#### [WORK ITEM]
A faithful copy is required of the lines from the top of the entries through the line that contains "Answer: Population Pyramid: Democracy, Monarchy, and", both included, with no pictures.

==== DATA SECTION ====

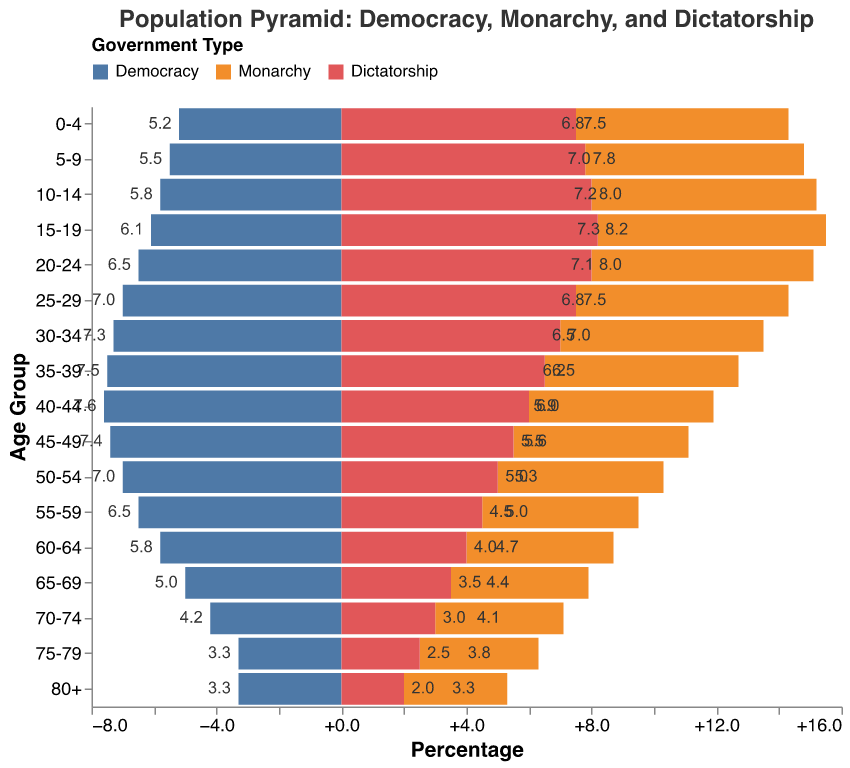What is the title of the figure? The title of the figure is located at the top and typically summarizes the content of the chart in a concise manner.
Answer: Population Pyramid: Democracy, Monarchy, and Dictatorship Which age group has the highest percentage in democracies? To determine this, scan the data values for democracies and identify the maximum.
Answer: 40-44 How does the population structure of dictatorships differ from that of democracies in the age group 0-4? Compare the percentage values for both government types in the age group 0-4.
Answer: Dictatorship: 7.5, Democracy: 5.2 What is the sum of the percentages for ages 70+ in monarchies? Add up the percentages for age groups 70-74, 75-79, and 80+ in monarchies.
Answer: 11.2 Which government type shows a higher percentage in the age group 50-54, Democracy or Dictatorship? Compare the percentages for the age group 50-54 between Democracy and Dictatorship.
Answer: Democracy Is there an age group where the percentage is the same for monarchy and dictatorship? Check each age group and compare the corresponding values for monarchy and dictatorship to find any matches.
Answer: 80+ What is the percentage difference between the 20-24 and 60-64 age groups in dictatorships? Subtract the percentage of the 60-64 age group from the percentage of the 20-24 age group in dictatorships.
Answer: 4.0 How does the percentage of people aged 25-29 in democracies compare to those aged 25-29 in monarchies? Compare the percentage values for the 25-29 age group between democracies and monarchies.
Answer: Democracy: 7.0, Monarchy: 6.8 Which government type shows the lowest percentage in the age group 80+? Identify the lowest percentage for the age group 80+ among the three government types.
Answer: Dictatorship 
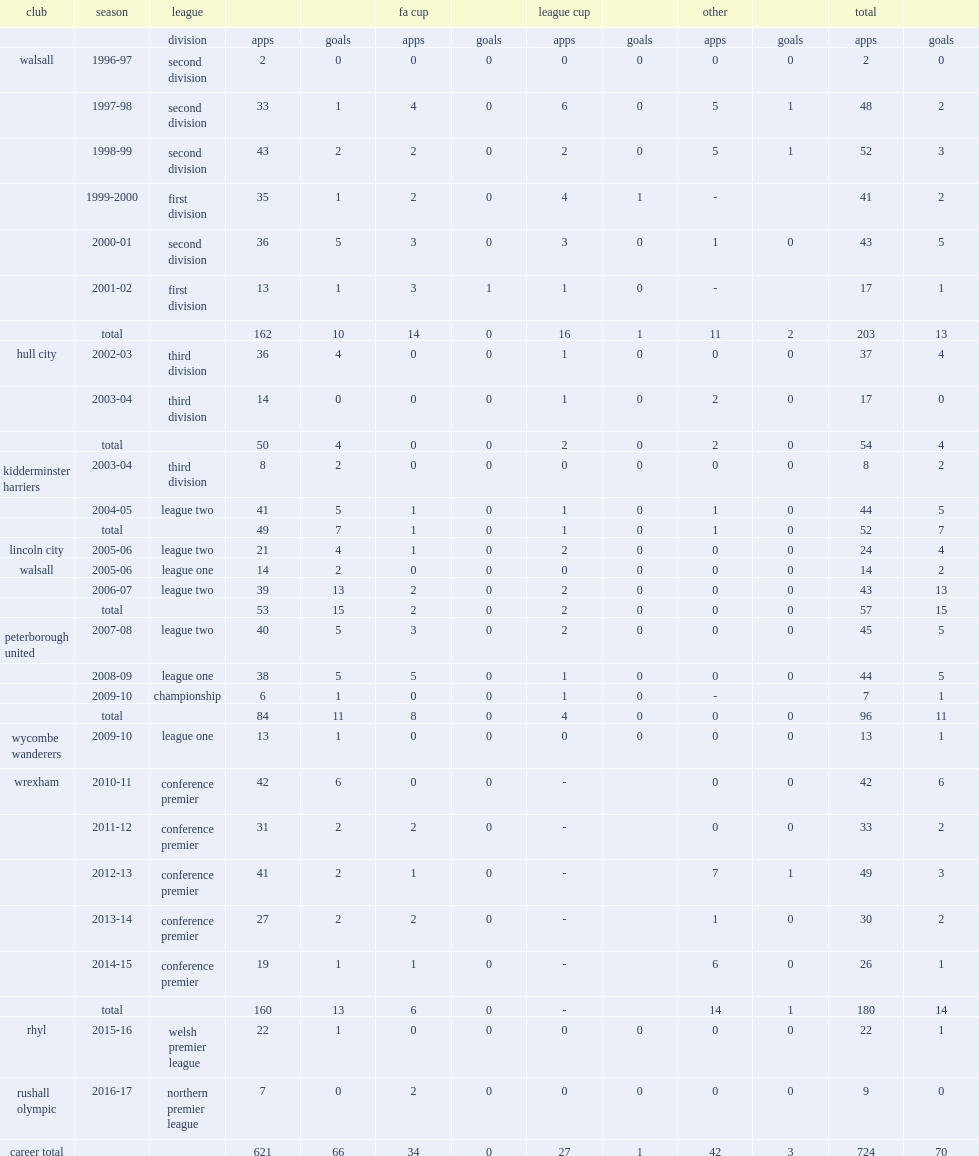Which club did keates play for in 2006-07? Walsall.

====

#### [ANSWER TO THIS TASK]
What is the title of the figure? The title of the figure is located at the top and typically summarizes the content of the chart in a concise manner.
Answer: Population Pyramid: Democracy, Monarchy, and Dictatorship Which age group has the highest percentage in democracies? To determine this, scan the data values for democracies and identify the maximum.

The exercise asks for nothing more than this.